— Exercise description —
Type out every line of the data again, exactly.
=== Begin Enclosure ===
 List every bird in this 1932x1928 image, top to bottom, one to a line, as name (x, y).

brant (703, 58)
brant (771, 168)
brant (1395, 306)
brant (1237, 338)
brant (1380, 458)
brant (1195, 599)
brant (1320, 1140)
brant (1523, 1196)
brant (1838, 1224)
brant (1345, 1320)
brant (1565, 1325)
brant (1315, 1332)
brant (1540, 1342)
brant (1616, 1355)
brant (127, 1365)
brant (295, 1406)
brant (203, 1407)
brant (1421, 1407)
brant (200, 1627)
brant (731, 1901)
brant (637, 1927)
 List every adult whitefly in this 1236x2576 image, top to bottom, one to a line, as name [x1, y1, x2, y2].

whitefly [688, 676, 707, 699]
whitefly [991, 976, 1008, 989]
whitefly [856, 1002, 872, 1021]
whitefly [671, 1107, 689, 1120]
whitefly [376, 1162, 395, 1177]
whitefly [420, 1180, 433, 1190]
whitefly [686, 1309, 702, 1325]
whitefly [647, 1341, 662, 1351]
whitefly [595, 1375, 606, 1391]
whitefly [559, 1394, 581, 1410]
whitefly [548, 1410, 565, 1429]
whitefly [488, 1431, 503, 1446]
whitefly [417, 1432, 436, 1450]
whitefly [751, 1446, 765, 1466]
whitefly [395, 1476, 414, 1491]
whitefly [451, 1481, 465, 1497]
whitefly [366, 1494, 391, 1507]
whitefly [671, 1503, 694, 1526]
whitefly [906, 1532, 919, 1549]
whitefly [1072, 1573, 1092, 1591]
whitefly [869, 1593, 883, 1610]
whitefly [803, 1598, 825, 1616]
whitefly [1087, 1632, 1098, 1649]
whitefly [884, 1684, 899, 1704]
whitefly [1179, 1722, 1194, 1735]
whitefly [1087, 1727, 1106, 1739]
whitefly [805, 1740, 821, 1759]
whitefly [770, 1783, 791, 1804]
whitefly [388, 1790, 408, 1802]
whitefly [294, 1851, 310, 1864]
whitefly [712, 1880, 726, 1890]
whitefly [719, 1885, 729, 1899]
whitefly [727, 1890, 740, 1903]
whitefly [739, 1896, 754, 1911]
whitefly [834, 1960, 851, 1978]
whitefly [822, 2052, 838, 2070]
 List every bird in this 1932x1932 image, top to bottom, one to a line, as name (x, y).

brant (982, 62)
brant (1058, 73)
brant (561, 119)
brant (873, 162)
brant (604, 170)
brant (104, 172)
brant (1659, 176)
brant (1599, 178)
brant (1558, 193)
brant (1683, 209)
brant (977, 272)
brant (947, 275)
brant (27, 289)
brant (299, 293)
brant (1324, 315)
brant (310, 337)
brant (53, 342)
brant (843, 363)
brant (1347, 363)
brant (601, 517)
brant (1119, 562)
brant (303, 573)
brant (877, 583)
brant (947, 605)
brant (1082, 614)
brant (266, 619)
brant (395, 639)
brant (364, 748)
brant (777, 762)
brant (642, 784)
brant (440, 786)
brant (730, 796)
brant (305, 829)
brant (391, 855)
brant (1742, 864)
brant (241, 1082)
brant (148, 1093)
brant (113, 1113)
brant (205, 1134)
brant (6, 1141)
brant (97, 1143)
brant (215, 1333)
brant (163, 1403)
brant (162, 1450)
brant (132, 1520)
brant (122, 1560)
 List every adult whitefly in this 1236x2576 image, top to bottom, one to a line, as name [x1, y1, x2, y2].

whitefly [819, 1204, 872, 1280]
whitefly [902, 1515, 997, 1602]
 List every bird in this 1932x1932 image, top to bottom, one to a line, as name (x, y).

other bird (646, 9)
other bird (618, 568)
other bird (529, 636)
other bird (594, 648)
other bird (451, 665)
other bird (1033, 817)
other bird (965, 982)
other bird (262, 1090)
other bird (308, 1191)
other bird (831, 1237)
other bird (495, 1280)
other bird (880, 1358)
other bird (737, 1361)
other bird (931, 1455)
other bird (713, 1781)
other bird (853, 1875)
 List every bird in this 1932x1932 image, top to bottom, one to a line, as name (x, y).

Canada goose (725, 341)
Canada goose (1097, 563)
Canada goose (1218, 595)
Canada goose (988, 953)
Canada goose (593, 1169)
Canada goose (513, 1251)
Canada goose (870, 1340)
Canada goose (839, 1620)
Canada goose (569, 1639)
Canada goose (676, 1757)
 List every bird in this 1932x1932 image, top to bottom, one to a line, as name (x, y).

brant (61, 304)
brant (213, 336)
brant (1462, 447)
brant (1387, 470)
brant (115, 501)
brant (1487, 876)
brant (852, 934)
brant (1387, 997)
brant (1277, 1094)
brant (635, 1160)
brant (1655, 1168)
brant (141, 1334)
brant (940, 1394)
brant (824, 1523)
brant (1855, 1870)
=== End Enclosure ===
— Exercise output —
 List every bird in this 1932x1928 image, top to bottom, one to a line, as name (x, y).

brant (703, 58)
brant (771, 168)
brant (1395, 306)
brant (1237, 338)
brant (1380, 458)
brant (1195, 599)
brant (1320, 1140)
brant (1523, 1196)
brant (1838, 1224)
brant (1345, 1320)
brant (1565, 1325)
brant (1315, 1332)
brant (1540, 1342)
brant (1616, 1355)
brant (127, 1365)
brant (295, 1406)
brant (203, 1407)
brant (1421, 1407)
brant (200, 1627)
brant (731, 1901)
brant (637, 1927)
 List every adult whitefly in this 1236x2576 image, top to bottom, one to a line, as name [x1, y1, x2, y2].

whitefly [688, 676, 707, 699]
whitefly [991, 976, 1008, 989]
whitefly [856, 1002, 872, 1021]
whitefly [671, 1107, 689, 1120]
whitefly [376, 1162, 395, 1177]
whitefly [420, 1180, 433, 1190]
whitefly [686, 1309, 702, 1325]
whitefly [647, 1341, 662, 1351]
whitefly [595, 1375, 606, 1391]
whitefly [559, 1394, 581, 1410]
whitefly [548, 1410, 565, 1429]
whitefly [488, 1431, 503, 1446]
whitefly [417, 1432, 436, 1450]
whitefly [751, 1446, 765, 1466]
whitefly [395, 1476, 414, 1491]
whitefly [451, 1481, 465, 1497]
whitefly [366, 1494, 391, 1507]
whitefly [671, 1503, 694, 1526]
whitefly [906, 1532, 919, 1549]
whitefly [1072, 1573, 1092, 1591]
whitefly [869, 1593, 883, 1610]
whitefly [803, 1598, 825, 1616]
whitefly [1087, 1632, 1098, 1649]
whitefly [884, 1684, 899, 1704]
whitefly [1179, 1722, 1194, 1735]
whitefly [1087, 1727, 1106, 1739]
whitefly [805, 1740, 821, 1759]
whitefly [770, 1783, 791, 1804]
whitefly [388, 1790, 408, 1802]
whitefly [294, 1851, 310, 1864]
whitefly [712, 1880, 726, 1890]
whitefly [719, 1885, 729, 1899]
whitefly [727, 1890, 740, 1903]
whitefly [739, 1896, 754, 1911]
whitefly [834, 1960, 851, 1978]
whitefly [822, 2052, 838, 2070]
 List every bird in this 1932x1932 image, top to bottom, one to a line, as name (x, y).

brant (982, 62)
brant (1058, 73)
brant (561, 119)
brant (873, 162)
brant (604, 170)
brant (104, 172)
brant (1659, 176)
brant (1599, 178)
brant (1558, 193)
brant (1683, 209)
brant (977, 272)
brant (947, 275)
brant (27, 289)
brant (299, 293)
brant (1324, 315)
brant (310, 337)
brant (53, 342)
brant (843, 363)
brant (1347, 363)
brant (601, 517)
brant (1119, 562)
brant (303, 573)
brant (877, 583)
brant (947, 605)
brant (1082, 614)
brant (266, 619)
brant (395, 639)
brant (364, 748)
brant (777, 762)
brant (642, 784)
brant (440, 786)
brant (730, 796)
brant (305, 829)
brant (391, 855)
brant (1742, 864)
brant (241, 1082)
brant (148, 1093)
brant (113, 1113)
brant (205, 1134)
brant (6, 1141)
brant (97, 1143)
brant (215, 1333)
brant (163, 1403)
brant (162, 1450)
brant (132, 1520)
brant (122, 1560)
 List every adult whitefly in this 1236x2576 image, top to bottom, one to a line, as name [x1, y1, x2, y2].

whitefly [819, 1204, 872, 1280]
whitefly [902, 1515, 997, 1602]
 List every bird in this 1932x1932 image, top to bottom, one to a line, as name (x, y).

other bird (646, 9)
other bird (618, 568)
other bird (529, 636)
other bird (594, 648)
other bird (451, 665)
other bird (1033, 817)
other bird (965, 982)
other bird (262, 1090)
other bird (308, 1191)
other bird (831, 1237)
other bird (495, 1280)
other bird (880, 1358)
other bird (737, 1361)
other bird (931, 1455)
other bird (713, 1781)
other bird (853, 1875)
 List every bird in this 1932x1932 image, top to bottom, one to a line, as name (x, y).

Canada goose (725, 341)
Canada goose (1097, 563)
Canada goose (1218, 595)
Canada goose (988, 953)
Canada goose (593, 1169)
Canada goose (513, 1251)
Canada goose (870, 1340)
Canada goose (839, 1620)
Canada goose (569, 1639)
Canada goose (676, 1757)
 List every bird in this 1932x1932 image, top to bottom, one to a line, as name (x, y).

brant (61, 304)
brant (213, 336)
brant (1462, 447)
brant (1387, 470)
brant (115, 501)
brant (1487, 876)
brant (852, 934)
brant (1387, 997)
brant (1277, 1094)
brant (635, 1160)
brant (1655, 1168)
brant (141, 1334)
brant (940, 1394)
brant (824, 1523)
brant (1855, 1870)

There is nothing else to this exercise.